● Given data
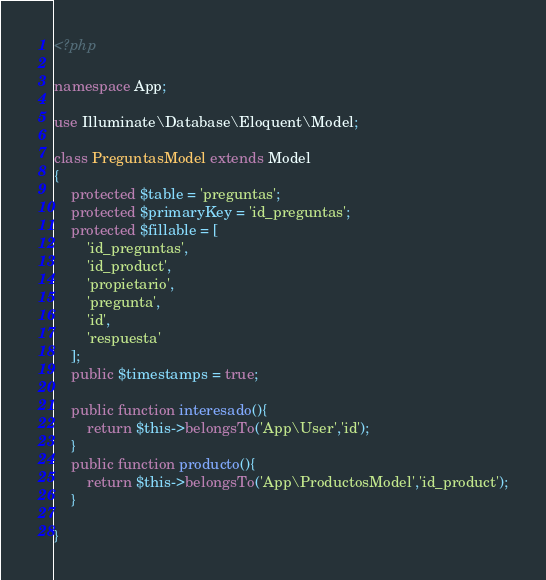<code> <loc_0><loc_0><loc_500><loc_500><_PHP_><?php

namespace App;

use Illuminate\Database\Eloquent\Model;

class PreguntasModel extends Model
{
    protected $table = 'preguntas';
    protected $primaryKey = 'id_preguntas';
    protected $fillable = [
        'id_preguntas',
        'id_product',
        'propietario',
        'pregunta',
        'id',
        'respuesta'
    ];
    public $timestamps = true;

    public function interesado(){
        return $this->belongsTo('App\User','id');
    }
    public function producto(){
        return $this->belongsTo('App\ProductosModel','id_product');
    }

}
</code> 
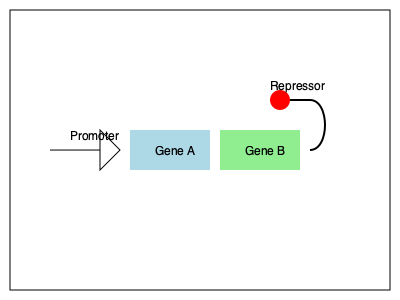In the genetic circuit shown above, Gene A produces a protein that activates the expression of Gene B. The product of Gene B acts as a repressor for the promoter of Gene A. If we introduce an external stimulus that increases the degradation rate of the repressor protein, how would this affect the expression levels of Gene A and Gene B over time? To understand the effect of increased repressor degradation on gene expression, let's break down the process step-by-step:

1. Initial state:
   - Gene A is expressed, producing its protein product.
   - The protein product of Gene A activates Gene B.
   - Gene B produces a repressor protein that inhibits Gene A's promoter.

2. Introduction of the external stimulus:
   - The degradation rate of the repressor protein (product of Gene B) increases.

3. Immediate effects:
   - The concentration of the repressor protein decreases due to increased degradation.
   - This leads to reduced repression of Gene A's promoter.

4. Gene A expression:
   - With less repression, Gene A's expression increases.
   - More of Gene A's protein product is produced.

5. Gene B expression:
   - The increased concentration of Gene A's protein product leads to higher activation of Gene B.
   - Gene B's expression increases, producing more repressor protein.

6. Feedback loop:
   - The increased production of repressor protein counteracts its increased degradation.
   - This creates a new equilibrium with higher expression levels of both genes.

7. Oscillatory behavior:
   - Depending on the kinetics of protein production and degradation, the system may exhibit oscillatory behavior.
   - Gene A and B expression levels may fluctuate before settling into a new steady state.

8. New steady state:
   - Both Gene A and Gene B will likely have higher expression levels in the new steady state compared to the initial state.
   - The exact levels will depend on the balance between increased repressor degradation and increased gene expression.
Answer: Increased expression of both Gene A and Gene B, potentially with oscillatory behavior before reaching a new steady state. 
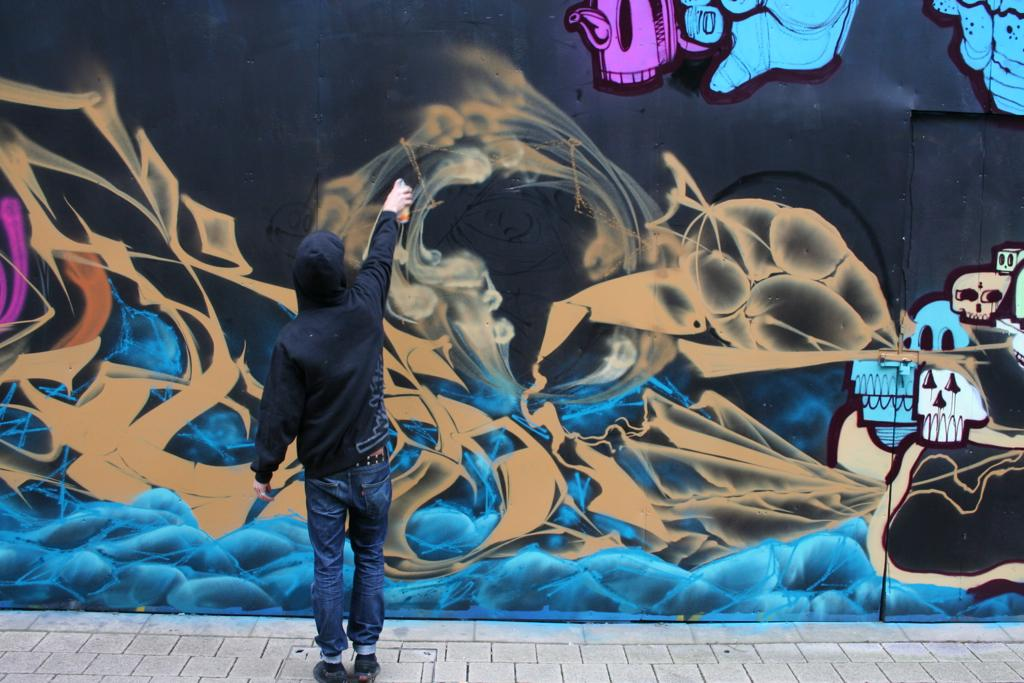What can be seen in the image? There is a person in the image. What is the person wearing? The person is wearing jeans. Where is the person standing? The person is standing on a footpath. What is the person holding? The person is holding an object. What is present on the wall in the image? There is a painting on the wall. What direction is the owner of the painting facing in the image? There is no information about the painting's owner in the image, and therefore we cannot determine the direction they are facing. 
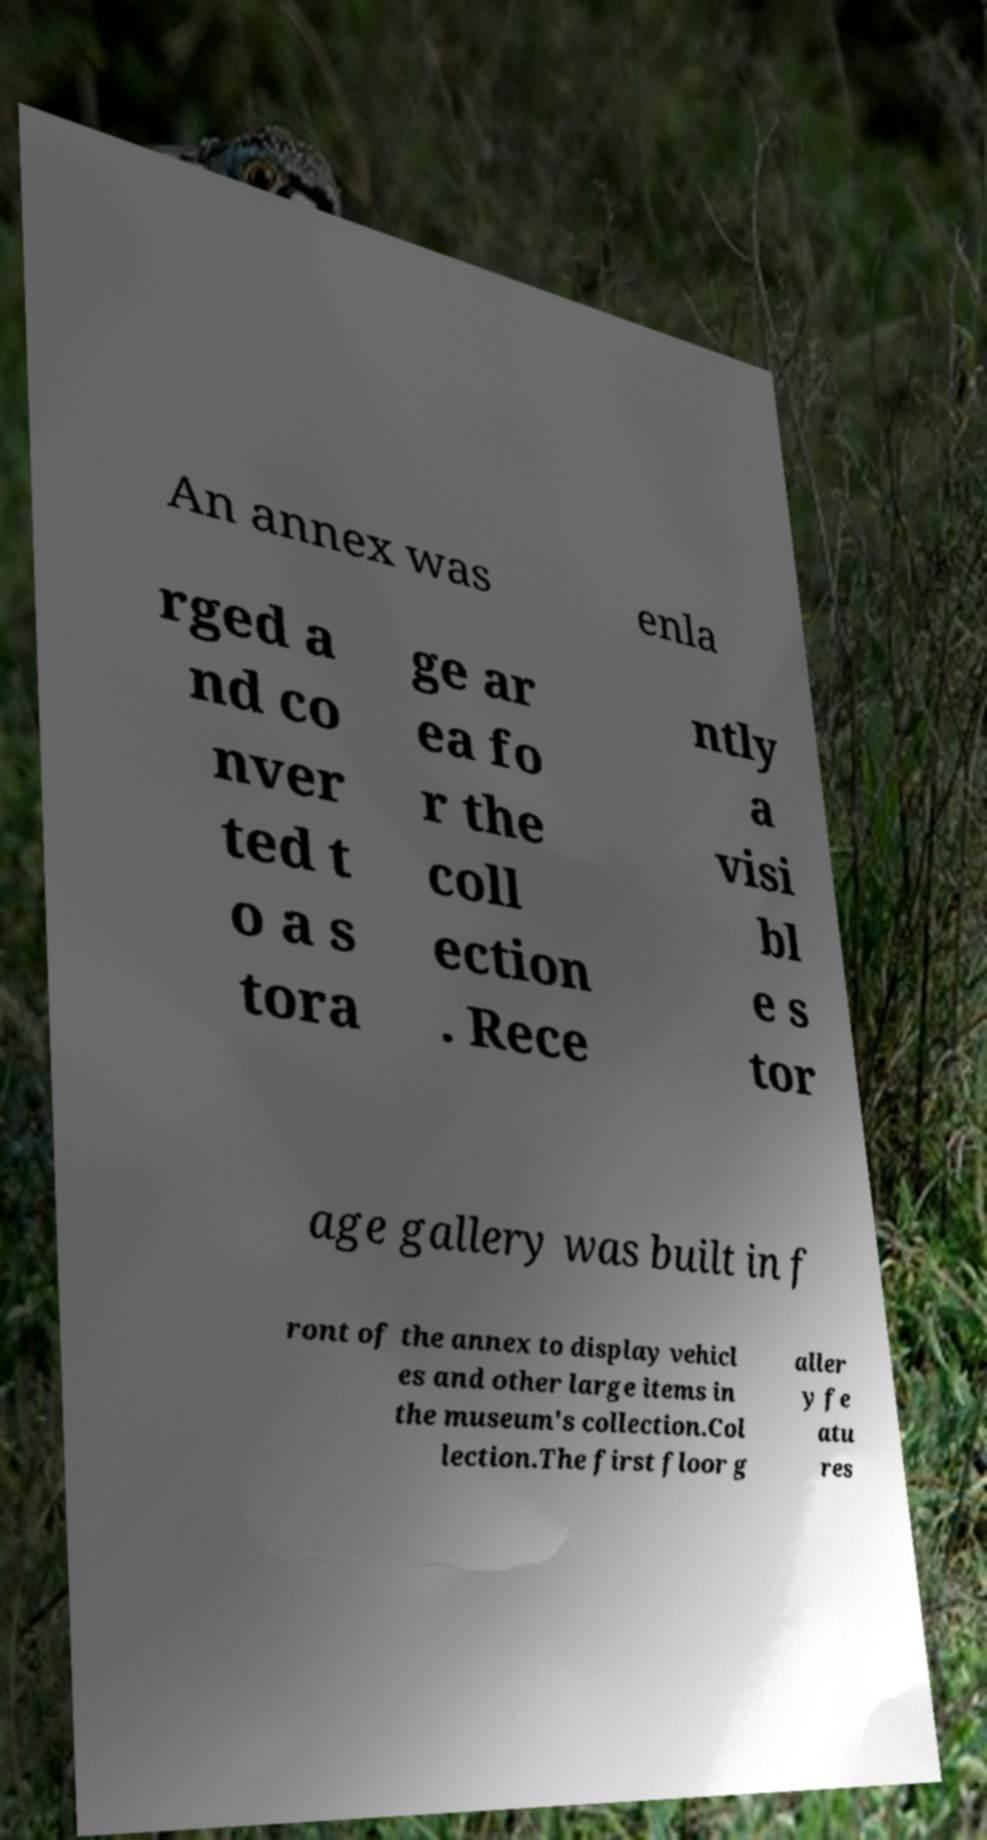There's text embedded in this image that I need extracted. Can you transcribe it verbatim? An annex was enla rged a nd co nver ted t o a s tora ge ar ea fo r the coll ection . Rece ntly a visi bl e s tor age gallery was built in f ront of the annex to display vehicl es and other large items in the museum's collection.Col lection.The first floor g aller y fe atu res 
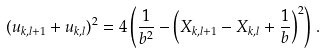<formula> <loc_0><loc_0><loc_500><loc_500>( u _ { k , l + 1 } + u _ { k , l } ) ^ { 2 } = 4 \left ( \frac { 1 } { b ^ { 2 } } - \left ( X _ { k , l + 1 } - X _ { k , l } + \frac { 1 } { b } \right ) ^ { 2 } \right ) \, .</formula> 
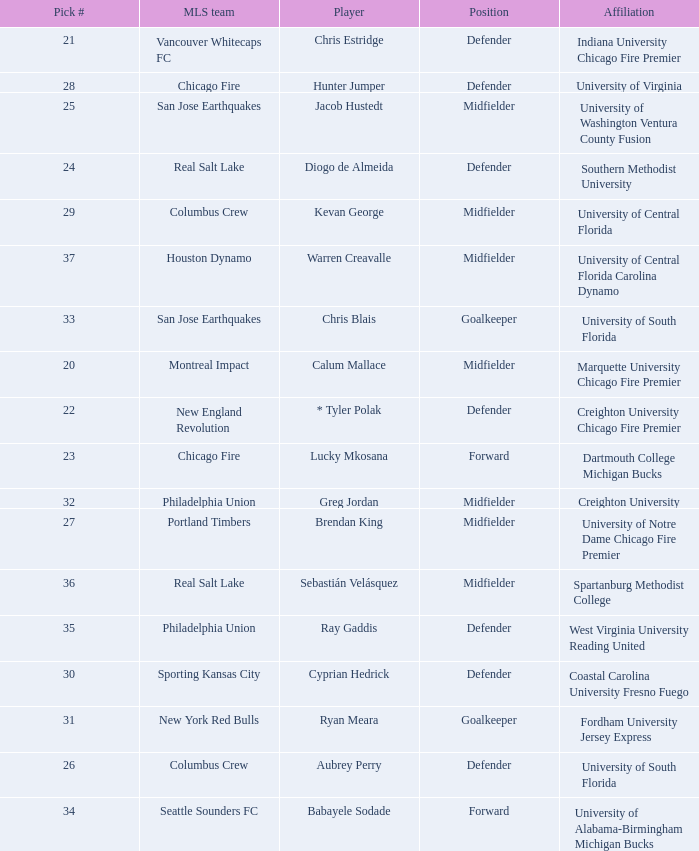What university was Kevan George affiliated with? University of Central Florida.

● Your goal
Return only the stretch above from the line containing "In the genetic" through the line containing "- Gene A is", word for word and without pictures.

● Exercise answer
In the genetic circuit shown above, Gene A produces a protein that activates the expression of Gene B. The product of Gene B acts as a repressor for the promoter of Gene A. If we introduce an external stimulus that increases the degradation rate of the repressor protein, how would this affect the expression levels of Gene A and Gene B over time? To understand the effect of increased repressor degradation on gene expression, let's break down the process step-by-step:

1. Initial state:
   - Gene A is expressed, producing its protein product.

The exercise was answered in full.